Friday, October 16, 2009

Fused at the Root

By Kim

Madonna was lost in the woods. The air, thick with fog, smelled of damp earth, and she tripped over underbrush she could not see. Then she heard the noise, an unearthly sort of moan. She followed the sound until coming to a clearing. A man knelt in the grass nearby. The light was poor, everything in the forest shades of greenish gray, and he was so still she at first mistook him for a tree stump. There was that haunting cry again, the sound causing the very marrow in her bones to expand until she feared they would shatter. The man was hunched over, every line of his body mirroring the agony she endured. He clutched his dark hair, ripping it out in clumps. She knew those hands.

“Carl?” she said softly.

As he stood, turning, the landscape around him changed. The clearing widened, drawing him further  from her. A house was far off to her left, a man and woman standing together a short distance away. They were indistinct, featureless, their hair and clothes billowing in the wind. The sky threatened over them, but where she stood she saw the sun’s rays strike Carl’s face. She took in a sharp breath. It was his painting. He reached out for her, inviting her in.

She suspected he would vanish when they touched. He always did in dreams. His lips were soft, gentle, but this was not enough. Torn between her desire to encourage and punish, she raked her fingers through his hair, pulling his closer. His grip tightened, crushing her, but it didn’t matter; she no longer required air. She barely noticed the strange tugging sensation in her feet at first, the perception of being slowly swallowed by the earth. When she no longer felt her legs, she broke the kiss, gasping. Her torso had fused into a trunk. She looked up at him, wide-eyed; what had moments ago felt and tasted like skin had hardened into bark. His face was a cluster of wooden knots, her hand nothing but a clump of leaves brushing against him. Yet his voice was still clear in her mind. “We're fused at the root, Madonna. How long must I wait for you to see it?”
 
In The Oak Lovers, Carl Ahrens’ words transform Madonna from the young and proper step-daughter of an Episcopal priest into an unrepentant home wrecker. For me they were damned inconvenient.

You see, the dream was mine first. Even now, a year later, I can remember how that forest smelled, how my feet tangled in the underbrush. I can still hear that haunting cry, trapped between a moan and a scream, though the pain is an indistinct memory now. At the time I felt it deep in my bones, worse than childbirth. Had a tubercular hip felt like that, I wondered? Is that why I assumed the man pulling at his hair was my great-grandfather? Yet the voice that whispered his name wasn’t my own, the wisps of hair blowing across my field of vision were dark where I’m decidedly blond. The man turned and the resemblance to Carl ended at his height. I was disappointed. He often appeared in my dreams, but always at a distance, and he had never heard me when I spoke.

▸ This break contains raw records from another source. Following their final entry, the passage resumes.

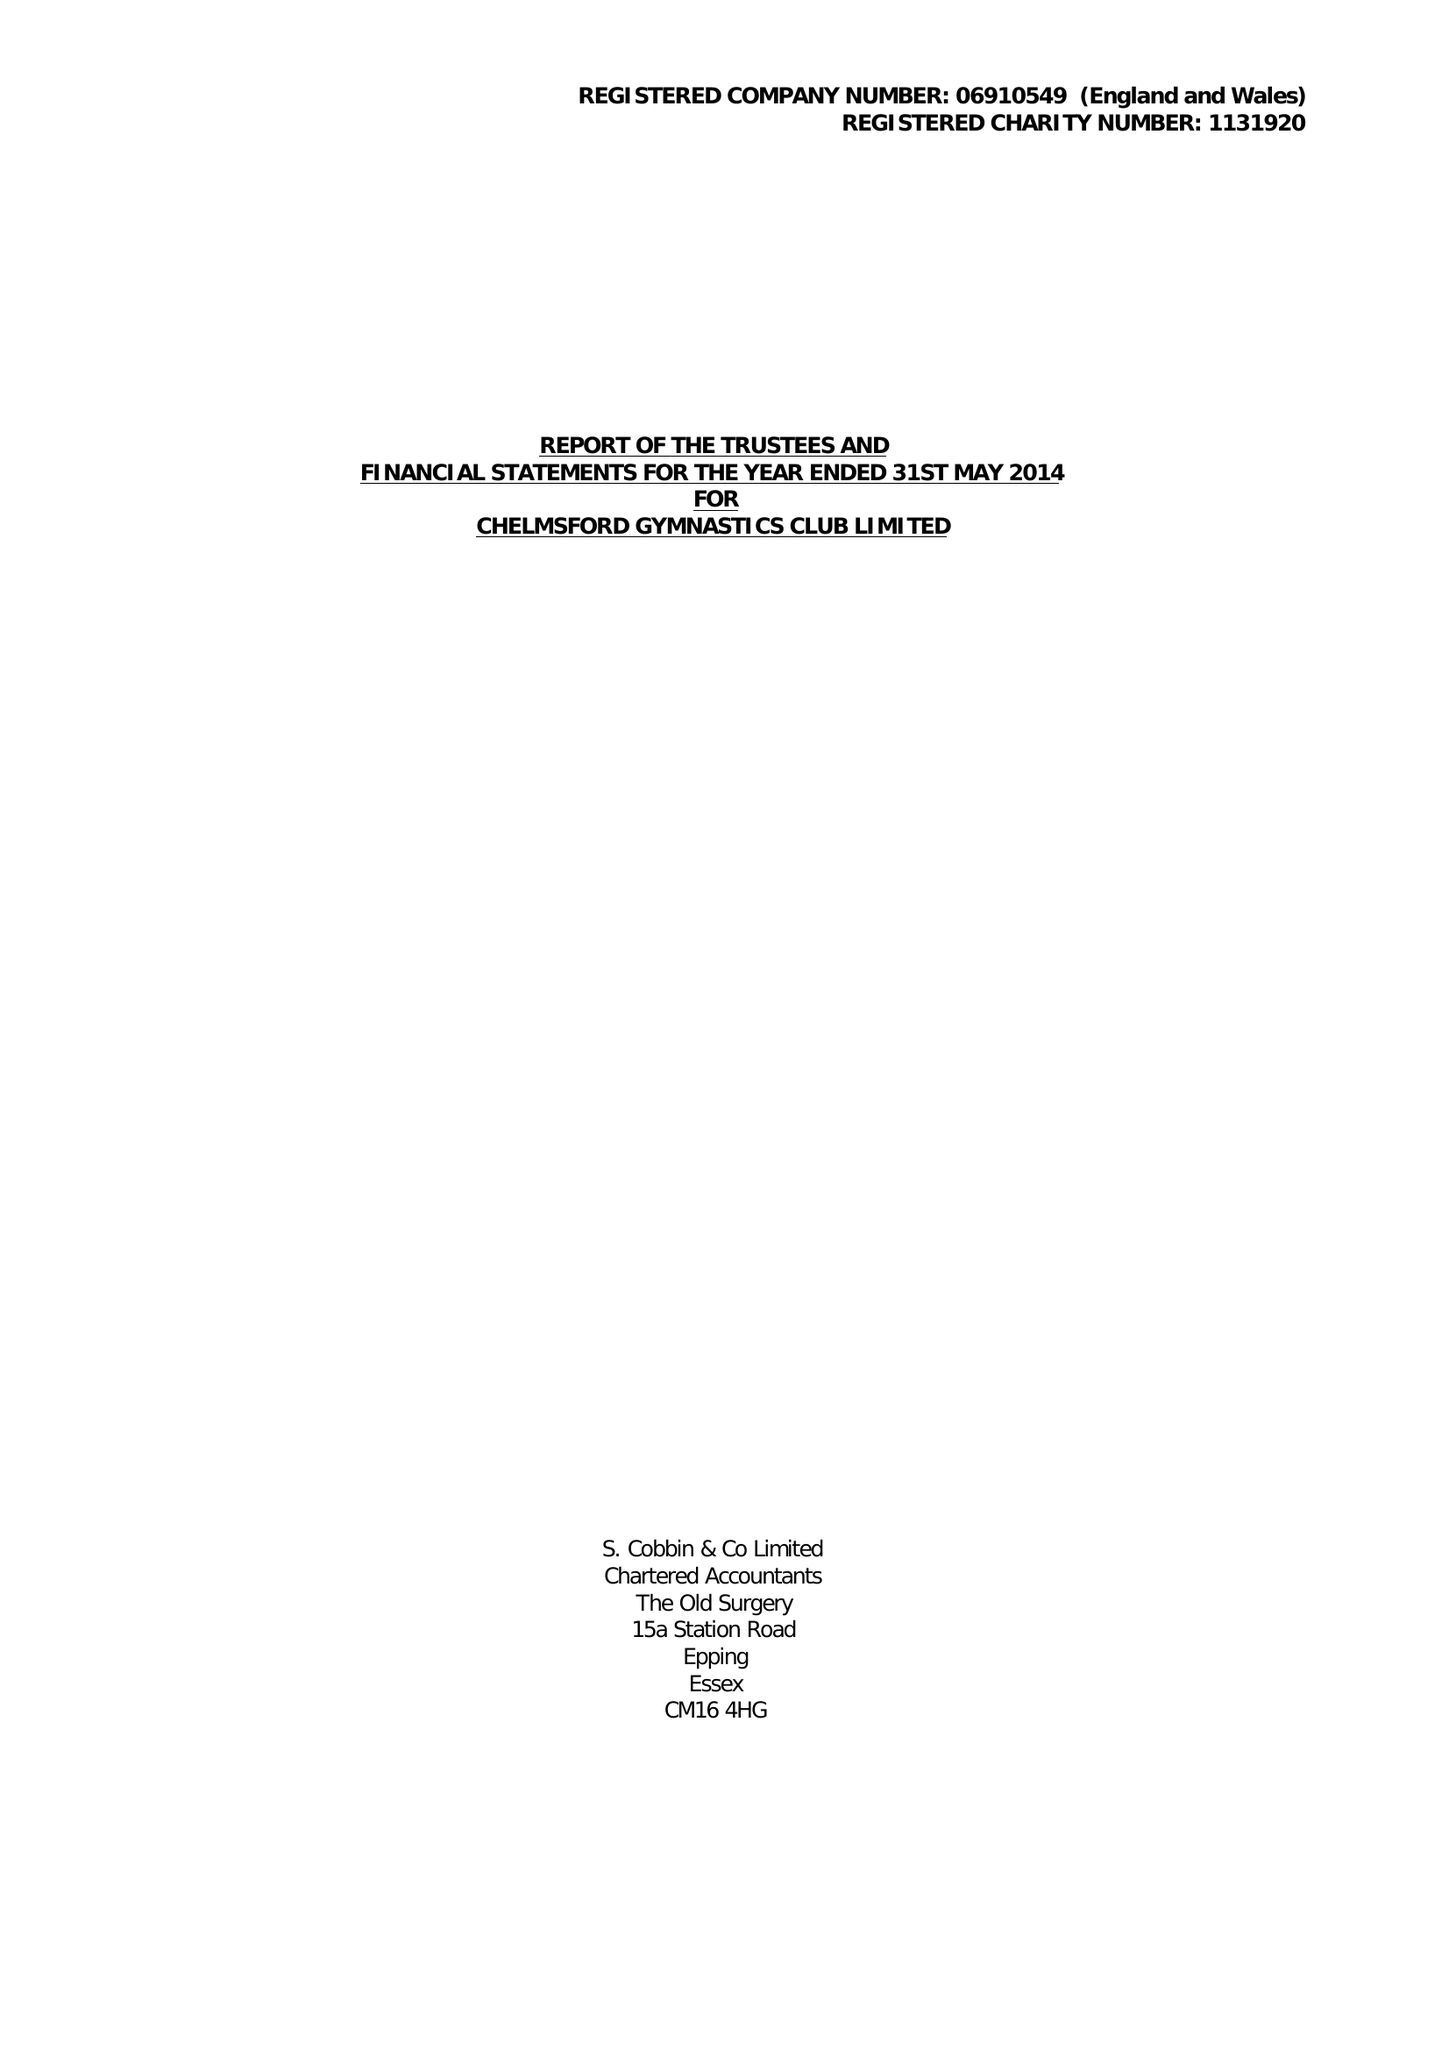What is the value for the charity_number?
Answer the question using a single word or phrase. 1131920 
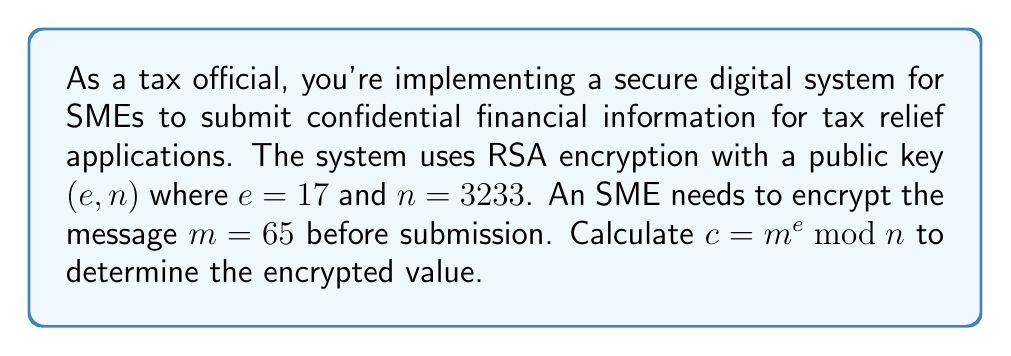Help me with this question. To calculate the modular exponentiation $c = m^e \bmod n$, we'll use the square-and-multiply algorithm, which is efficient for large exponents. Here's the step-by-step process:

1) Convert the exponent $e = 17$ to binary: $17_{10} = 10001_2$

2) Initialize: $result = 1$, $base = m = 65$

3) For each bit in the binary representation of $e$ (from left to right):
   a) Square the result: $result = result^2 \bmod n$
   b) If the bit is 1, multiply by the base: $result = (result \cdot base) \bmod n$

4) Step-by-step calculation:
   - Bit 1: $result = 1^2 \cdot 65 \bmod 3233 = 65$
   - Bit 0: $result = 65^2 \bmod 3233 = 4225 \bmod 3233 = 992$
   - Bit 0: $result = 992^2 \bmod 3233 = 984064 \bmod 3233 = 2893$
   - Bit 0: $result = 2893^2 \bmod 3233 = 8369449 \bmod 3233 = 2998$
   - Bit 1: $result = 2998^2 \cdot 65 \bmod 3233 = (8988004 \cdot 65) \bmod 3233 = 584220260 \bmod 3233 = 2132$

5) Therefore, $c = 65^{17} \bmod 3233 = 2132$
Answer: $2132$ 
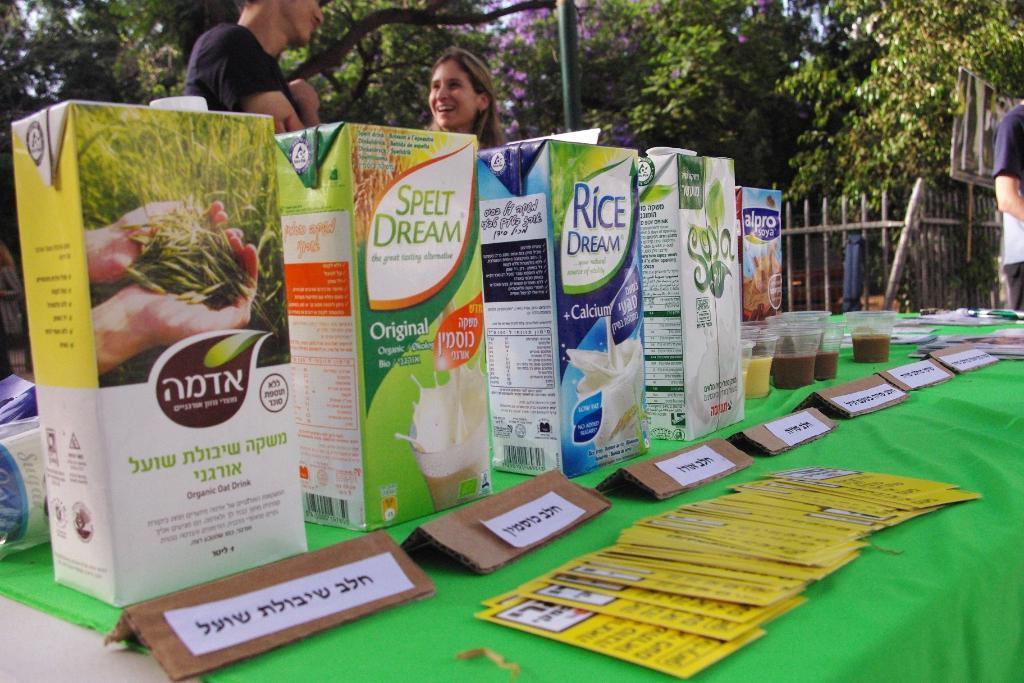Please provide a concise description of this image. In this image, we can see there are bottles, glasses, name boards, brochures and other objects arranged on a green colored cloth which is on a table. In the background, there are three persons, trees and a fence.

As the scenery changed my pain turned to longing, a longing so intense it was terrifying. The man before me was a conglomerate of several men who had starred in my daydreams over the years, but the emotions inspired by the sight of him were deeper than desire, than sex, than anything I’d ever imagined. I approached him with a sense of dread, fearing he’d disappear, fearing that I’d destroy him, or that if I touched him I’d be bound to him forever. His embrace would be unrelenting; I would live a life of slow strangulation. Yet the alternative would be an eternity of feeling nothing at all. There could be no one else, no in between. He reached out in invitation, waiting, and I didn’t hesitate. After my flesh hardened into bark, I woke, choking on my own tears. Thankfully, my husband was on a business trip at the time.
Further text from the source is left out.